Morreu hoje no Rio de Janeiro, aos 70 anos, a escritora, editora, cantora e fotógrafa carioca Elizabeth Villas-Boas Bravo, a Lizzie Bravo. Sua morte foi confirmada por sua filha, a cantora Marya, no Facebook. “And in the end, the love you take is equal to the love you make. Te amo mãe RIP”, escreveu Marya. A citação em inglês (“E no fim/O amor que você recebe/É igual/Ao amor que você dá”) é da música “The End”, dos Beatles, gravada no disco Abbey Road, em 1969.
Lizzie fez muitas coisas na vida, mas talvez aquela que lhe tenha garantido um lugar na eternidade foi a deliciosa aventura que empreendeu no começo do ano de 1967, quando o pai lhe deu uma viagem a Londres como presente de aniversário. Ela tinha 15 anos e queria ir à Inglaterra para conhecer os Beatles. Seu avião pousou no aeroporto de Heathrow às 7 horas e às 10 horas ela já tinha conseguido seu intento – Paul e John pararam para conversar com as fãs e ela foi apresentada como nova integrante da turma.
A partir dali, Lizzie se tornou uma das integrantes “oficiais” do mais constante grupo de fãs dos Beatles que batia ponto em frente aos famosos estúdios de Abbey Road. Essas fãs eram tão obsessivas que acabaram sendo apelidadas de “Apple Scruffs” (algo como As Largadas da Apple).
Um ano após sua chegada, em 4 de fevereiro de 1968 (ela persistiu em Londres trabalhando como babá e arrumadeira), Lizzie estava no mesmo lugar na frente do estúdio da Apple Corps quando Paul McCartney surgiu repentinamente na porta do estúdio e perguntou: “Quem de vocês consegue segurar uma nota aguda?”. Lizzie, que tinha cantado em coral e era soprano, levantou rapidamente a mão, assim como sua colega Gayleen Pease. As duas foram então levadas para dentro do estúdio para gravar os vocais da canção “Across the Universe”, de John Lennon. A canção tem quatro versões, e em uma delas está registrada a voz da menina do Brasil – curiosamente, segundo lembrou reportagem da BBC Brasil, é a versão com a voz das garotas que acabou sendo escolhida pela Nasa em fevereiro de 2008 para o envio de uma mensagem para a estrela Polaris, a 431 anos-luz da Terra, como um cartão de visitas interplanetário.

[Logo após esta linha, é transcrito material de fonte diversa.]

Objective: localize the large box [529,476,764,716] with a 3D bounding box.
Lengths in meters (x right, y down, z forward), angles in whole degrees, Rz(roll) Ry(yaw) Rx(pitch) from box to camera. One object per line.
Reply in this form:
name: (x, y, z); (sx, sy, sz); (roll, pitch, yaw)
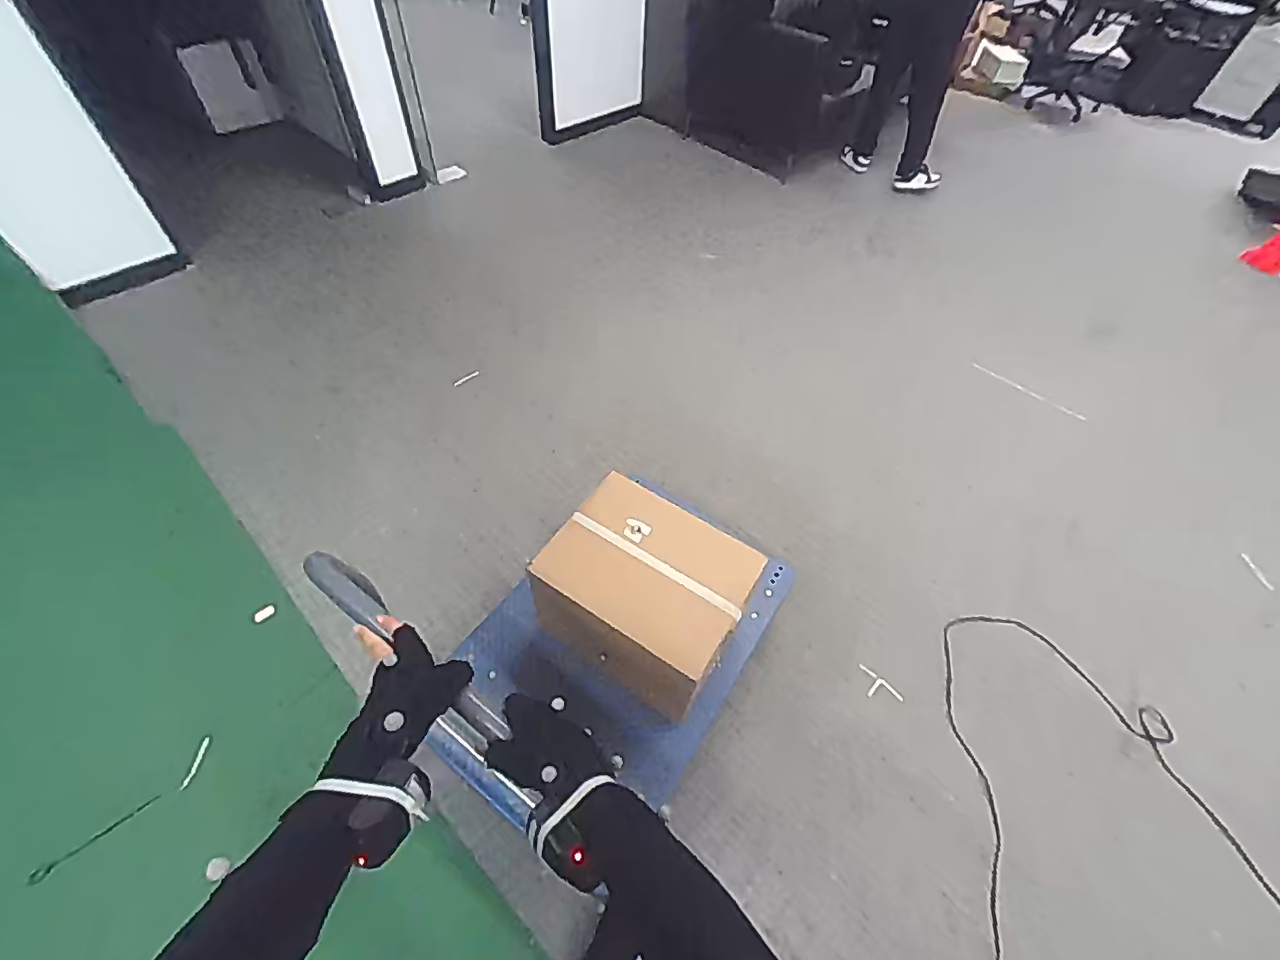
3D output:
large box: (0.015, 0.266, 1.244); (0.408, 0.320, 0.320); (28, 55, 18)
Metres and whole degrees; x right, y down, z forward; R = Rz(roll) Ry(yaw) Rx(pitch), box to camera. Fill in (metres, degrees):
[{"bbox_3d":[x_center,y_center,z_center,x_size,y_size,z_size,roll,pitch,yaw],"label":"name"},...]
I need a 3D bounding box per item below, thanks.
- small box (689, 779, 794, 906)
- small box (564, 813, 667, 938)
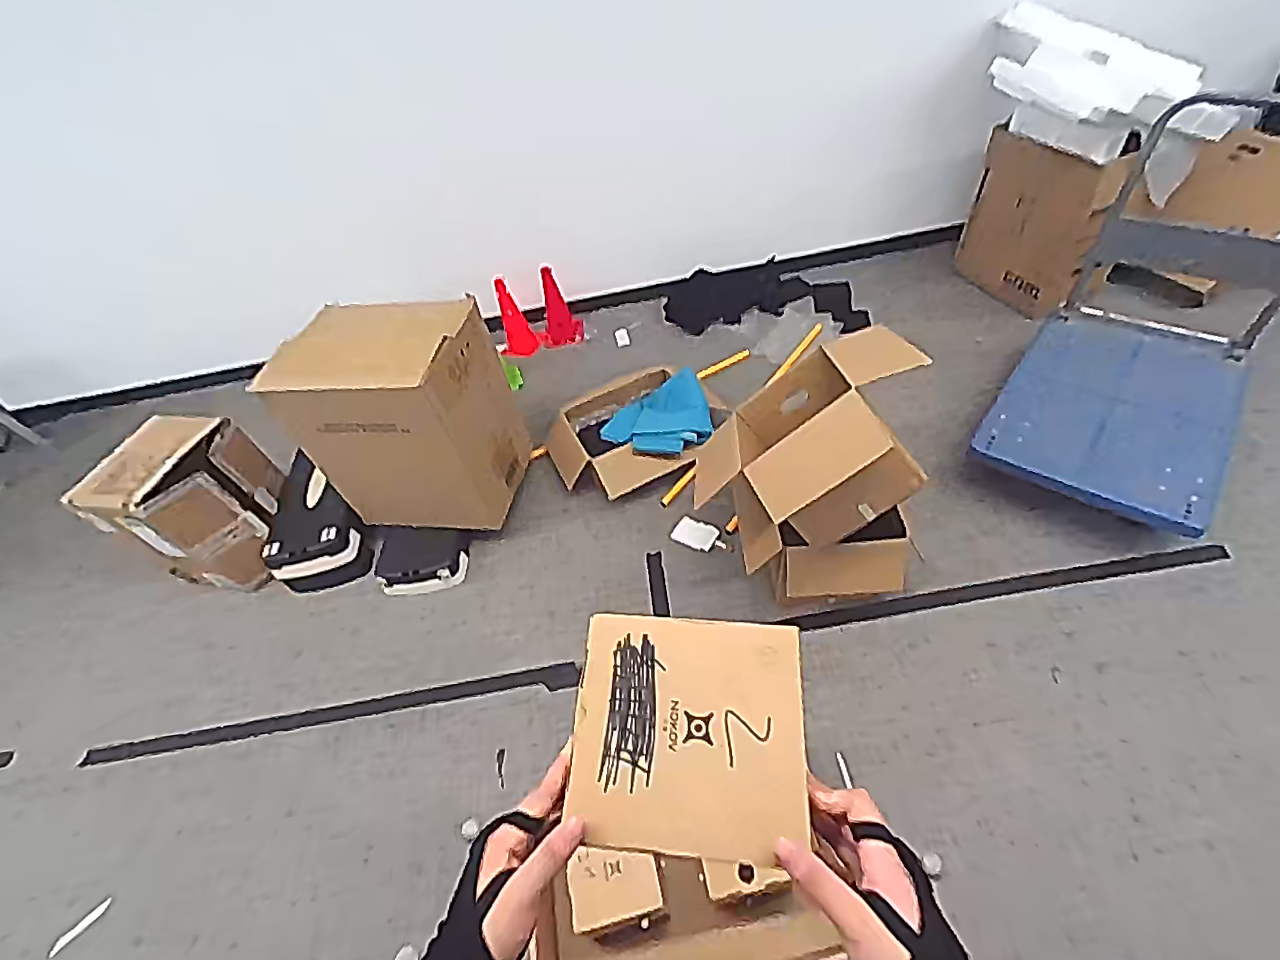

O guitarrista George Harrison fez uma canção para homenagear aquelas fãs especiais, que se mantiveram à frente dos estúdios até o final dos Beatles. “Apple Scruffs” foi gravada por Harrison em seu álbum de 1970, “All Things Must Pass”.
Em 1998, publiquei pela primeira vez em um jornal as fotos que Lizzie fez dos Beatles durante aqueles dois anos, entre 1967 e 1969.
Em 2015, Lizzie lançou o livro “Do Rio a Abbey Road“, com 300 páginas (e prefácio do jornalista e escritor britânico Mark Lewinsohn, expert no quarteto de Liverpool), no qual a autora reuniu não apenas as fotografias como também seu diário de adolescente que registrou os encontros com John, Paul, George e Ringo.
Lizzie fez muitos trabalhos após a volta ao Brasil, em 1969. Como vocalista de apoio, gravou com Milton Nascimento, Joyce e Egberto Gismonti e com Zé Rodrix, com quem foi casada (é citada em um dos sucessos de Rodrix, Casa no Campo).
Em 1990, em um evento para anunciar sua primeira turnê pelo Brasil, Paul McCartney, após uma entrevista coletiva para jornalistas brasileiros, cumprimentou os presentes ao encontro em Indianápolis, nos Estados Unidos. De repente, parou diante de uma fotógrafa e perguntou a ela:
“Por que acho que te conheço?”.
“A gente cantou junto”, respondeu a mulher.
Era Lizzie Bravo. Segundo ela contou, Paul ganhou o livro que ela faria depois e se divertiu muito vendo as fotografias e relembrando as circunstâncias em que muitas delas foram tiradas, algumas em plena madrugada, durante as sessões de gravação imersivas de “Sgt. Pepper’s Lonely Hearts Club Band”, entre fevereiro de 1967 e abril de 1967.